= What to produce =
Would you reproduce, word for word, only the lines running from the top of the data through the line containing "text Het model", and none of the pictures?

[Opening Source material section]

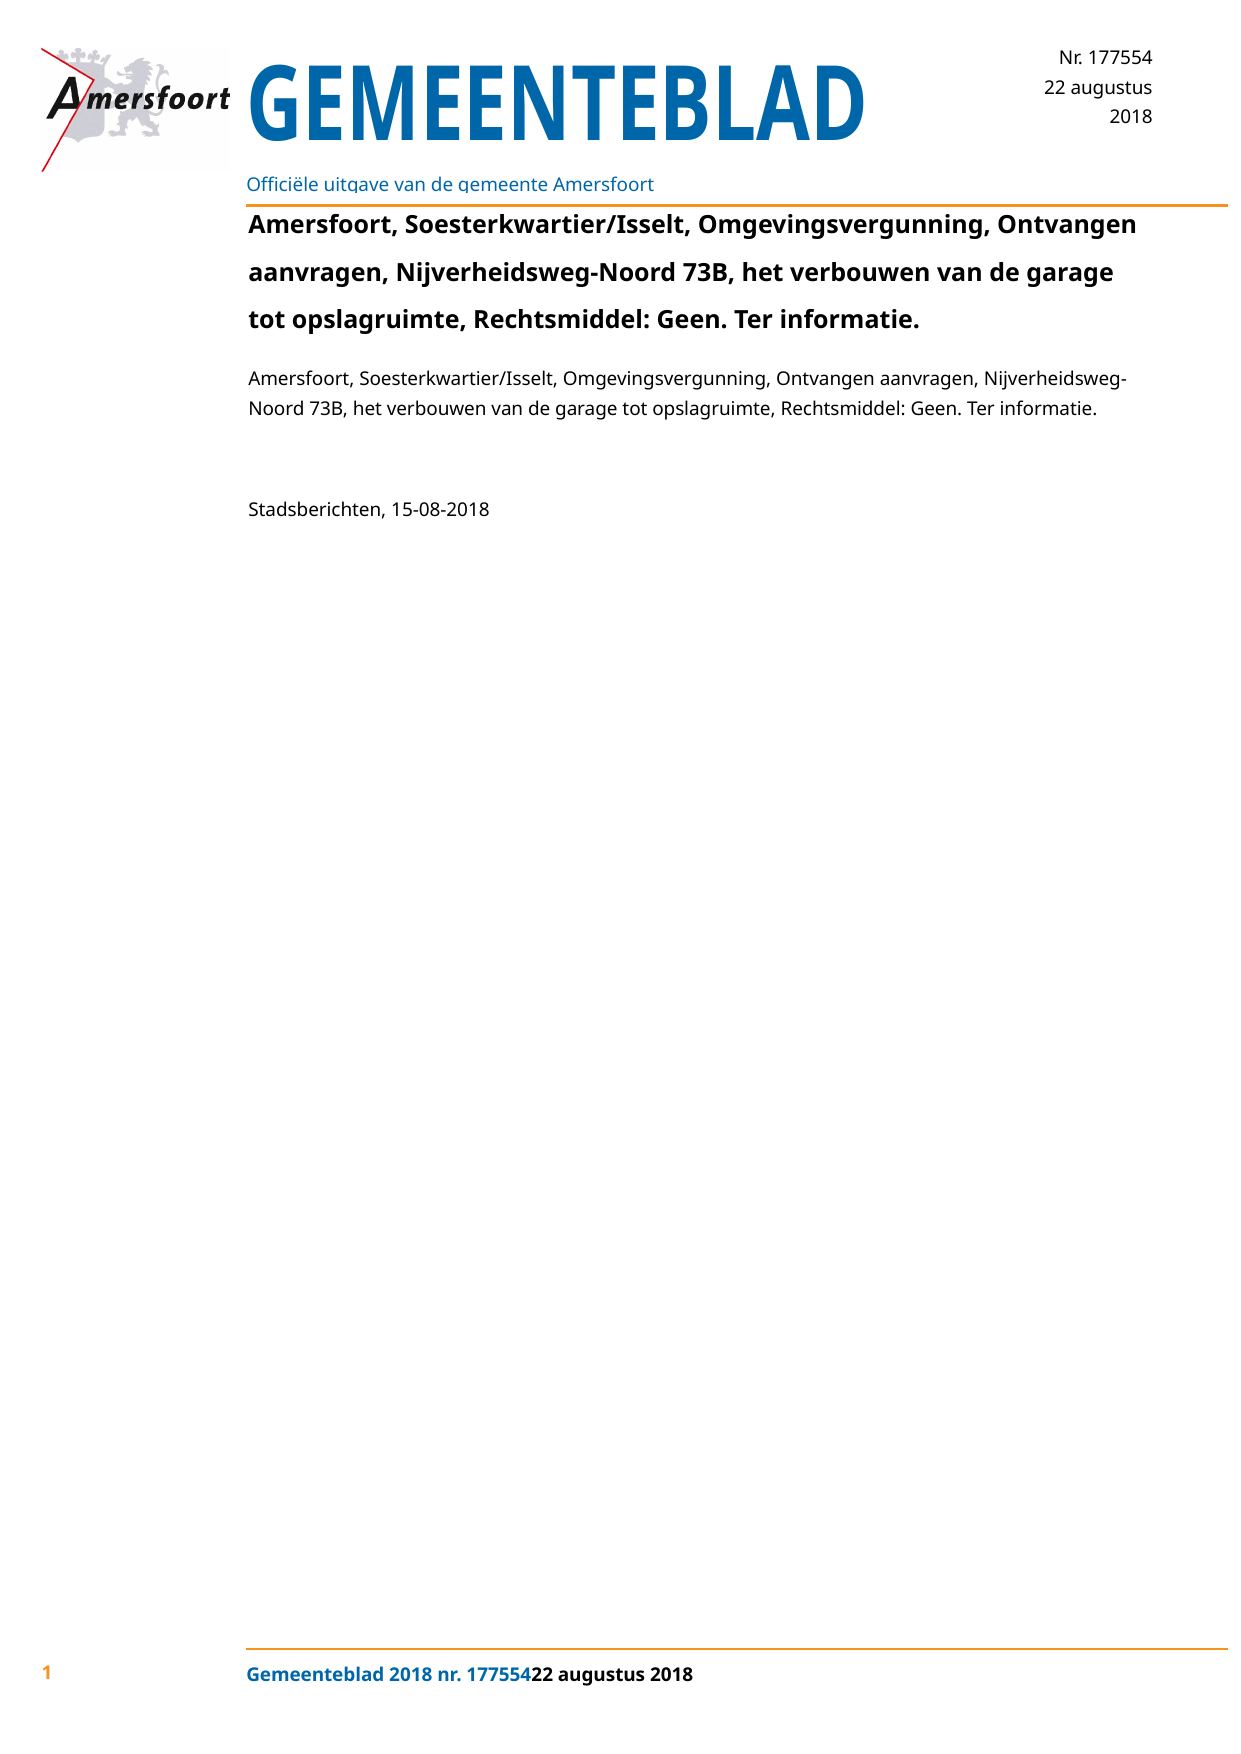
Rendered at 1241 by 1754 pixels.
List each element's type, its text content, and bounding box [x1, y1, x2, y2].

text Amersfoort, Soesterkwartier/Isselt, Omgevingsvergunning, Ontvangen aanvragen, Nijverheidsweg-Noord 73B, het verbouwen van de garage tot opslagruimte, Rechtsmiddel: Geen. Ter informatie. [248, 366, 1152, 421]
text Amersfoort, Soesterkwartier/Isselt, Omgevingsvergunning, Ontvangen aanvragen, Nijverheidsweg-Noord 73B, het verbouwen van de garage tot opslagruimte, Rechtsmiddel: Geen. Ter informatie. [248, 207, 1152, 336]
text Stadsberichten, 15-08-2018 [248, 496, 1152, 522]
picture [41, 47, 231, 172]
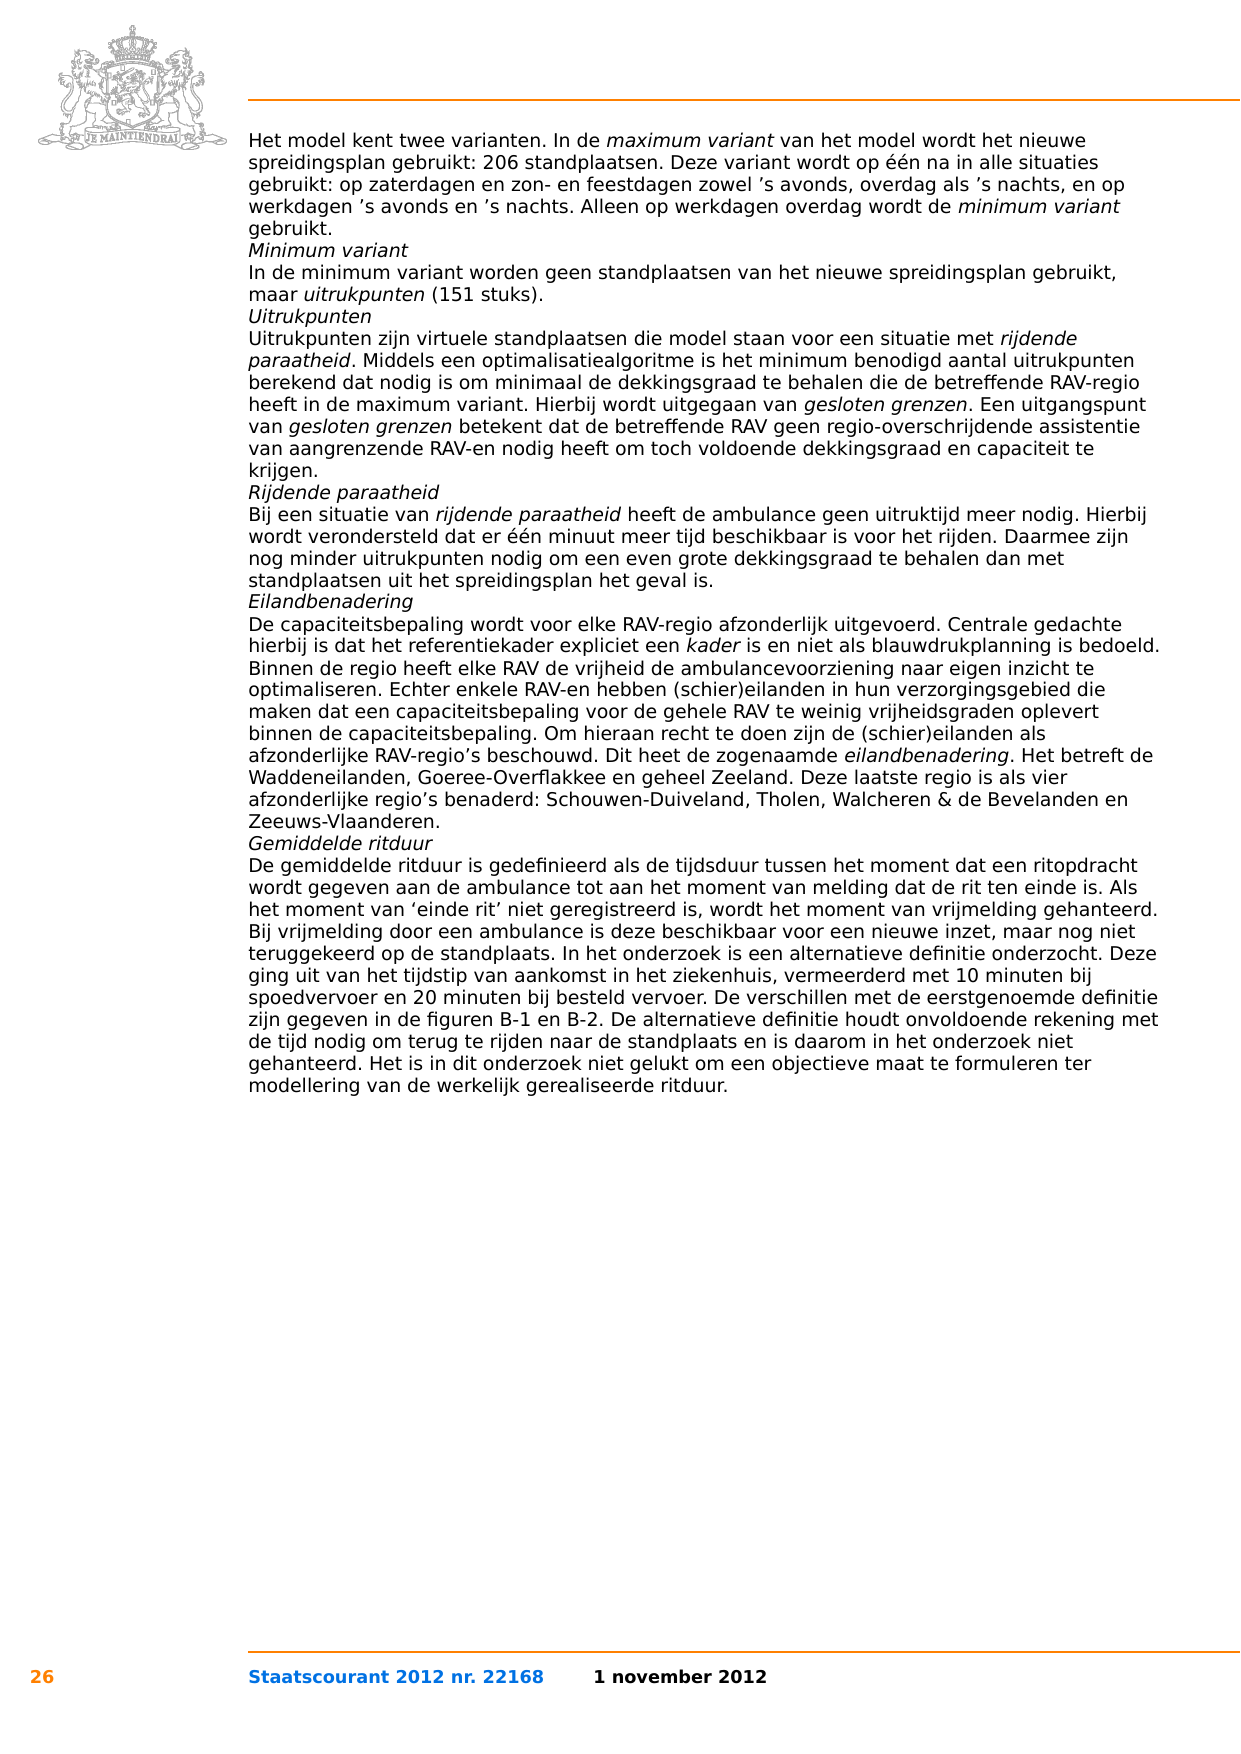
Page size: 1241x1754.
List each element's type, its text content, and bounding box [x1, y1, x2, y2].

text Het model kent twee varianten. In de maximum variant van het model wordt het nieuwe spreidingsplan gebruikt: 206 standplaatsen. Deze variant wordt op één na in alle situaties gebruikt: op zaterdagen en zon- en feestdagen zowel ’s avonds, overdag als ’s nachts, en op werkdagen ’s avonds en ’s nachts. Alleen op werkdagen overdag wordt de minimum variant gebruikt. [248, 130, 1163, 240]
text Uitrukpunten zijn virtuele standplaatsen die model staan voor een situatie met rijdende paraatheid. Middels een optimalisatiealgoritme is het minimum benodigd aantal uitrukpunten berekend dat nodig is om minimaal de dekkingsgraad te behalen die de betreffende RAV-regio heeft in de maximum variant. Hierbij wordt uitgegaan van gesloten grenzen. Een uitgangspunt van gesloten grenzen betekent dat de betreffende RAV geen regio-overschrijdende assistentie van aangrenzende RAV-en nodig heeft om toch voldoende dekkingsgraad en capaciteit te krijgen. [248, 328, 1163, 482]
text Eilandbenadering [248, 591, 1163, 613]
text Minimum variant [248, 240, 1163, 262]
text De gemiddelde ritduur is gedefinieerd als de tijdsduur tussen het moment dat een ritopdracht wordt gegeven aan de ambulance tot aan het moment van melding dat de rit ten einde is. Als het moment van ‘einde rit’ niet geregistreerd is, wordt het moment van vrijmelding gehanteerd. Bij vrijmelding door een ambulance is deze beschikbaar voor een nieuwe inzet, maar nog niet teruggekeerd op de standplaats. In het onderzoek is een alternatieve definitie onderzocht. Deze ging uit van het tijdstip van aankomst in het ziekenhuis, vermeerderd met 10 minuten bij spoedvervoer en 20 minuten bij besteld vervoer. De verschillen met de eerstgenoemde definitie zijn gegeven in de figuren B-1 en B-2. De alternatieve definitie houdt onvoldoende rekening met de tijd nodig om terug te rijden naar de standplaats en is daarom in het onderzoek niet gehanteerd. Het is in dit onderzoek niet gelukt om een objectieve maat te formuleren ter modellering van de werkelijk gerealiseerde ritduur. [248, 855, 1163, 1097]
text Rijdende paraatheid [248, 482, 1163, 503]
text Gemiddelde ritduur [248, 833, 1163, 855]
picture [38, 25, 227, 150]
text Bij een situatie van rijdende paraatheid heeft de ambulance geen uitruktijd meer nodig. Hierbij wordt verondersteld dat er één minuut meer tijd beschikbaar is voor het rijden. Daarmee zijn nog minder uitrukpunten nodig om een even grote dekkingsgraad te behalen dan met standplaatsen uit het spreidingsplan het geval is. [248, 503, 1163, 591]
text Uitrukpunten [248, 306, 1163, 328]
text De capaciteitsbepaling wordt voor elke RAV-regio afzonderlijk uitgevoerd. Centrale gedachte hierbij is dat het referentiekader expliciet een kader is en niet als blauwdrukplanning is bedoeld. Binnen de regio heeft elke RAV de vrijheid de ambulancevoorziening naar eigen inzicht te optimaliseren. Echter enkele RAV-en hebben (schier)eilanden in hun verzorgingsgebied die maken dat een capaciteitsbepaling voor de gehele RAV te weinig vrijheidsgraden oplevert binnen de capaciteitsbepaling. Om hieraan recht te doen zijn de (schier)eilanden als afzonderlijke RAV-regio’s beschouwd. Dit heet de zogenaamde eilandbenadering. Het betreft de Waddeneilanden, Goeree-Overflakkee en geheel Zeeland. Deze laatste regio is als vier afzonderlijke regio’s benaderd: Schouwen-Duiveland, Tholen, Walcheren & de Bevelanden en Zeeuws-Vlaanderen. [248, 613, 1163, 833]
text In de minimum variant worden geen standplaatsen van het nieuwe spreidingsplan gebruikt, maar uitrukpunten (151 stuks). [248, 262, 1163, 306]

[Closing Source material section]

= Task solution =
Rendered at 1241 by 1754 pixels.
List each element's type, its text content, and bounding box [x1, y1, x2, y2].

text Amersfoort, Soesterkwartier/Isselt, Omgevingsvergunning, Ontvangen aanvragen, Nijverheidsweg-Noord 73B, het verbouwen van de garage tot opslagruimte, Rechtsmiddel: Geen. Ter informatie. [248, 366, 1152, 421]
text Amersfoort, Soesterkwartier/Isselt, Omgevingsvergunning, Ontvangen aanvragen, Nijverheidsweg-Noord 73B, het verbouwen van de garage tot opslagruimte, Rechtsmiddel: Geen. Ter informatie. [248, 207, 1152, 336]
text Stadsberichten, 15-08-2018 [248, 496, 1152, 522]
picture [41, 47, 231, 172]
Page size: 1241x1754.
List each element's type, its text content, and bounding box [x1, y1, x2, y2].

text Het model kent twee varianten. In de maximum variant van het model wordt het nieuwe spreidingsplan gebruikt: 206 standplaatsen. Deze variant wordt op één na in alle situaties gebruikt: op zaterdagen en zon- en feestdagen zowel ’s avonds, overdag als ’s nachts, en op werkdagen ’s avonds en ’s nachts. Alleen op werkdagen overdag wordt de minimum variant gebruikt. [248, 130, 1163, 240]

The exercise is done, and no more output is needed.